[WHAT YOU WILL DO] Whatever the records contain, reproduce all of them exactly.

[[ EXTRACTED INFORMATION, beginning ]]

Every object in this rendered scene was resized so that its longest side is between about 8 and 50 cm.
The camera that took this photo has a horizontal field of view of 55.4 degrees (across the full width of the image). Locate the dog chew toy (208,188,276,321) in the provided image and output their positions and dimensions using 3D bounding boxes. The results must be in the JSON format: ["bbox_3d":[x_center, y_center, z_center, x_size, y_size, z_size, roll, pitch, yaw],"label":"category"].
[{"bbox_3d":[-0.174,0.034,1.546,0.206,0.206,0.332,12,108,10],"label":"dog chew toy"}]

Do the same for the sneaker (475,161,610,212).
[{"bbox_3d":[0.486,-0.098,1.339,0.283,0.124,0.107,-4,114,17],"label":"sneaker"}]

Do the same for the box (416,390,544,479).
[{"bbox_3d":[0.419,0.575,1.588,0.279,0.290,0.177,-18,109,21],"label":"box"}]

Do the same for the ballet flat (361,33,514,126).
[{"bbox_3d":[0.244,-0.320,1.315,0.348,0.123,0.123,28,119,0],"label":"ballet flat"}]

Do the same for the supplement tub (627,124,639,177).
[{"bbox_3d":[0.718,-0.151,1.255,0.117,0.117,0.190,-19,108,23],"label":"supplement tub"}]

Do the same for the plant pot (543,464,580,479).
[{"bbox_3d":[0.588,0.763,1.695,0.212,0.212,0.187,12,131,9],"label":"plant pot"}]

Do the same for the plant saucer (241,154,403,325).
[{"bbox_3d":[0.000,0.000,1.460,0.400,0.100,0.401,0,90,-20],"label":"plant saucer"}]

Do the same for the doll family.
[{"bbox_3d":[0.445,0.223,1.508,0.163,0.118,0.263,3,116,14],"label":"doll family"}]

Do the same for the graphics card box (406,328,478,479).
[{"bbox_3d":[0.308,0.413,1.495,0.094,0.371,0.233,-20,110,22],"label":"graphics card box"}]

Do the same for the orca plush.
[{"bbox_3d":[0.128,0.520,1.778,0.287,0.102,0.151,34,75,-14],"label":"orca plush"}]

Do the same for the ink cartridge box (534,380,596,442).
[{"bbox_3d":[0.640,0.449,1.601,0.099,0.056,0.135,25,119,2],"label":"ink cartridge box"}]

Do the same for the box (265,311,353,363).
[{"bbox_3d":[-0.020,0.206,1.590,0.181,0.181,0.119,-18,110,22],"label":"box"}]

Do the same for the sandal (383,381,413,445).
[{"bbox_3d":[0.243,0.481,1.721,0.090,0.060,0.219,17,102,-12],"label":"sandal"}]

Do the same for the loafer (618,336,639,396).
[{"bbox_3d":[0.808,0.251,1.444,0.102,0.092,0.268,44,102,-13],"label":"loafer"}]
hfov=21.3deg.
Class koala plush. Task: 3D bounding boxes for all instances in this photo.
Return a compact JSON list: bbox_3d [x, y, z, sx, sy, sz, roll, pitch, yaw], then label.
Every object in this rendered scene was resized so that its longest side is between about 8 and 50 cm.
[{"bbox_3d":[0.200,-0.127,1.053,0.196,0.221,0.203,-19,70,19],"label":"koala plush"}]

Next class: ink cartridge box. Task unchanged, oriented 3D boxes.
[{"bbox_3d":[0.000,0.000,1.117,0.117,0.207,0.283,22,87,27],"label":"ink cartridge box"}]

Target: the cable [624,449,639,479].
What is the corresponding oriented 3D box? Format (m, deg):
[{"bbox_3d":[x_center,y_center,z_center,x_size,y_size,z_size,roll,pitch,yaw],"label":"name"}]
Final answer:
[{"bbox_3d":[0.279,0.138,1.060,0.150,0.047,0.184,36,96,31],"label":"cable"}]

[[ EXTRACTED INFORMATION, end ]]

[REPLY TO THE TASK]
Every object in this rendered scene was resized so that its longest side is between about 8 and 50 cm.
The camera that took this photo has a horizontal field of view of 55.4 degrees (across the full width of the image). Locate the dog chew toy (208,188,276,321) in the provided image and output their positions and dimensions using 3D bounding boxes. The results must be in the JSON format: ["bbox_3d":[x_center, y_center, z_center, x_size, y_size, z_size, roll, pitch, yaw],"label":"category"].
[{"bbox_3d":[-0.174,0.034,1.546,0.206,0.206,0.332,12,108,10],"label":"dog chew toy"}]

Do the same for the sneaker (475,161,610,212).
[{"bbox_3d":[0.486,-0.098,1.339,0.283,0.124,0.107,-4,114,17],"label":"sneaker"}]

Do the same for the box (416,390,544,479).
[{"bbox_3d":[0.419,0.575,1.588,0.279,0.290,0.177,-18,109,21],"label":"box"}]

Do the same for the ballet flat (361,33,514,126).
[{"bbox_3d":[0.244,-0.320,1.315,0.348,0.123,0.123,28,119,0],"label":"ballet flat"}]

Do the same for the supplement tub (627,124,639,177).
[{"bbox_3d":[0.718,-0.151,1.255,0.117,0.117,0.190,-19,108,23],"label":"supplement tub"}]

Do the same for the plant pot (543,464,580,479).
[{"bbox_3d":[0.588,0.763,1.695,0.212,0.212,0.187,12,131,9],"label":"plant pot"}]

Do the same for the plant saucer (241,154,403,325).
[{"bbox_3d":[0.000,0.000,1.460,0.400,0.100,0.401,0,90,-20],"label":"plant saucer"}]

Do the same for the doll family.
[{"bbox_3d":[0.445,0.223,1.508,0.163,0.118,0.263,3,116,14],"label":"doll family"}]

Do the same for the graphics card box (406,328,478,479).
[{"bbox_3d":[0.308,0.413,1.495,0.094,0.371,0.233,-20,110,22],"label":"graphics card box"}]

Do the same for the orca plush.
[{"bbox_3d":[0.128,0.520,1.778,0.287,0.102,0.151,34,75,-14],"label":"orca plush"}]

Do the same for the ink cartridge box (534,380,596,442).
[{"bbox_3d":[0.640,0.449,1.601,0.099,0.056,0.135,25,119,2],"label":"ink cartridge box"}]

Do the same for the box (265,311,353,363).
[{"bbox_3d":[-0.020,0.206,1.590,0.181,0.181,0.119,-18,110,22],"label":"box"}]

Do the same for the sandal (383,381,413,445).
[{"bbox_3d":[0.243,0.481,1.721,0.090,0.060,0.219,17,102,-12],"label":"sandal"}]

Do the same for the loafer (618,336,639,396).
[{"bbox_3d":[0.808,0.251,1.444,0.102,0.092,0.268,44,102,-13],"label":"loafer"}]
hfov=21.3deg.
Class koala plush. Task: 3D bounding boxes for all instances in this photo.
Return a compact JSON list: bbox_3d [x, y, z, sx, sy, sz, roll, pitch, yaw], then label.
Every object in this rendered scene was resized so that its longest side is between about 8 and 50 cm.
[{"bbox_3d":[0.200,-0.127,1.053,0.196,0.221,0.203,-19,70,19],"label":"koala plush"}]

Next class: ink cartridge box. Task unchanged, oriented 3D boxes.
[{"bbox_3d":[0.000,0.000,1.117,0.117,0.207,0.283,22,87,27],"label":"ink cartridge box"}]

Target: the cable [624,449,639,479].
What is the corresponding oriented 3D box? Format (m, deg):
[{"bbox_3d":[x_center,y_center,z_center,x_size,y_size,z_size,roll,pitch,yaw],"label":"name"}]
Final answer:
[{"bbox_3d":[0.279,0.138,1.060,0.150,0.047,0.184,36,96,31],"label":"cable"}]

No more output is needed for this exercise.